Ungarn: Aus dem Alltag eines Satellitenstaats

Veröffentlicht auf von Sepp Aigner



Noch in Erinnerung, wie die armen Osteuropaeer von der Sowjetunion geknechtet worden sind ? Wie die alles machen mussten, was der Kreml befahl ? Null Selbstbestimmung der Regierungen und die Bevoelkerung hatte erst recht nichts zu sagen ? Dann endlich die Freiheit ! Alle duerfen waehlen ! So richtig, zwischen verschiedenen Parteien, die fuer den Kapitalismus sind. Endlich nicht mehr bloss Parteien, die fuer den Sozialismus sind.
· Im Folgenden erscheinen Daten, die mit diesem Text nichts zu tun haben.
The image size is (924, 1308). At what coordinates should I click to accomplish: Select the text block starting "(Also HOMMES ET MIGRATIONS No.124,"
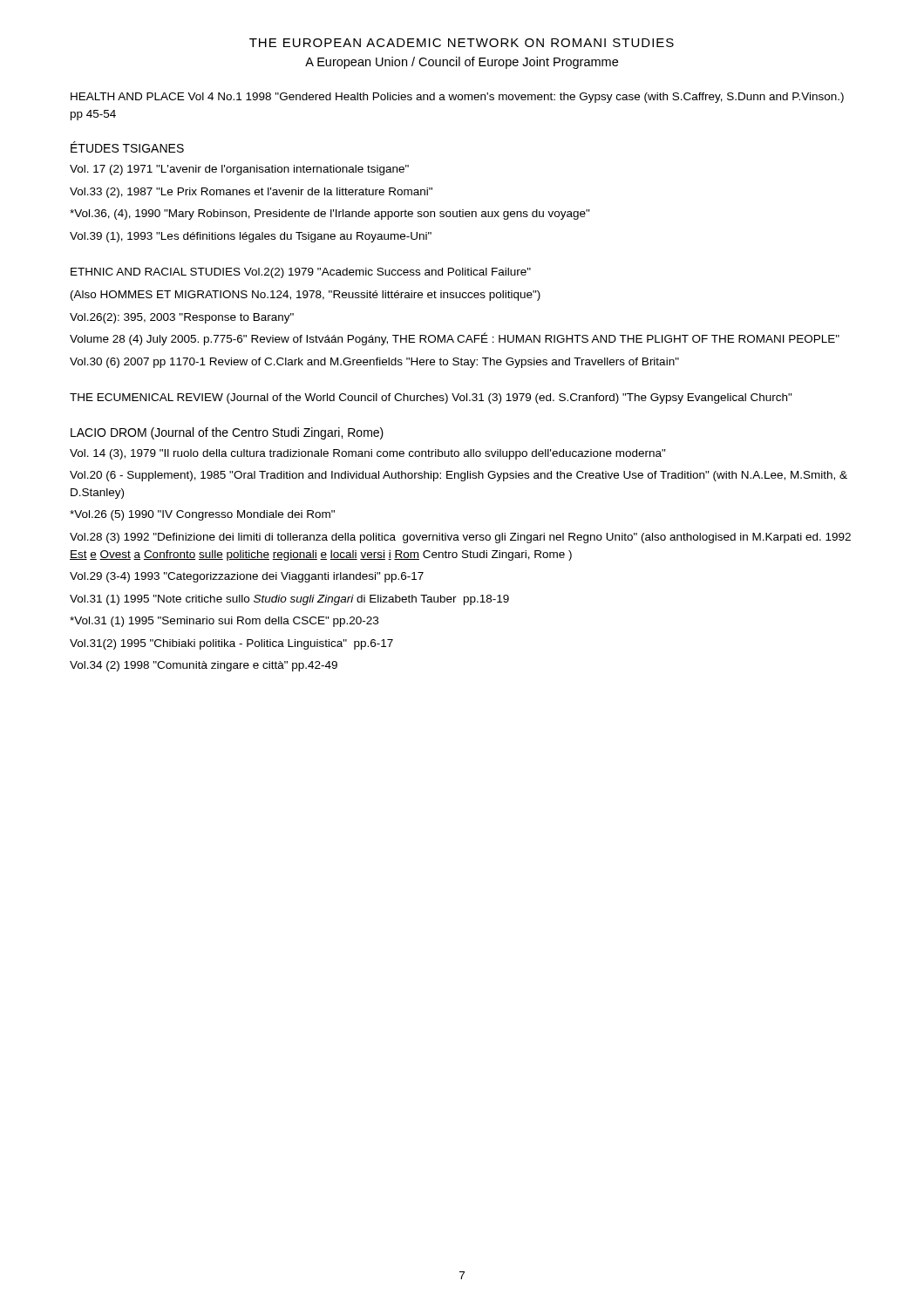click(x=305, y=294)
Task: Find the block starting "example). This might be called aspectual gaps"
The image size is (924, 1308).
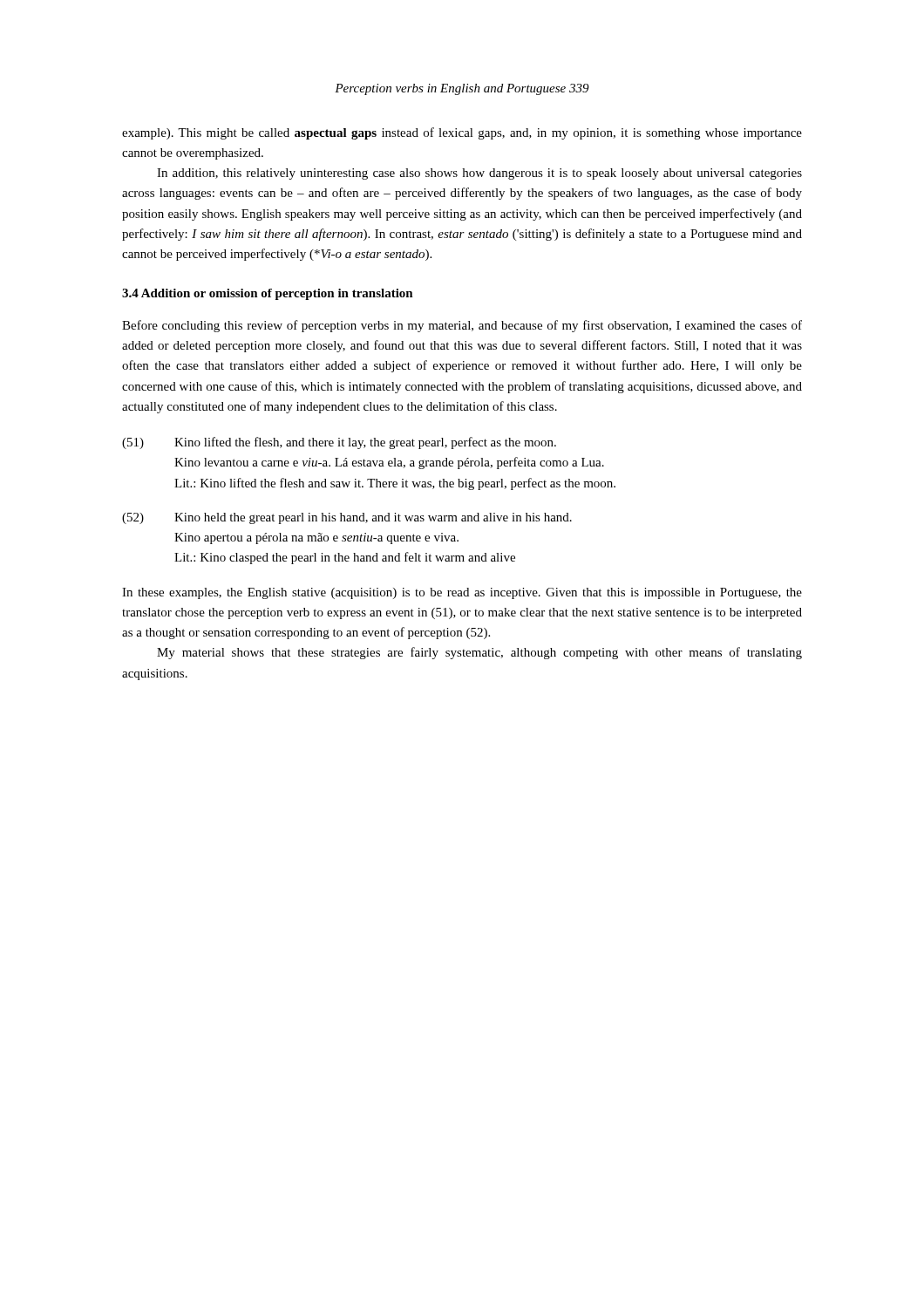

Freilich, kein Vorteil ohne Nachteil. Grenzenlos ist die Freiheit bekanntlich nur ueber den Wolken. Zum Beispiel kommt es vor, dass die Bevoelkerung irgendeiner ungarischen Stadt ihr eigenes Wasser irgendeinem franzoesischen Konzern abkaufen muss, oder einem deutschen. Und dass die ungarische Regierung bei den maechtigeren EU-Staaten Maennchen machen muss, wenn sich irgendein ungarischer Buergermeister erdreistet , eine solche Freiheitsmission aufzukuendigen.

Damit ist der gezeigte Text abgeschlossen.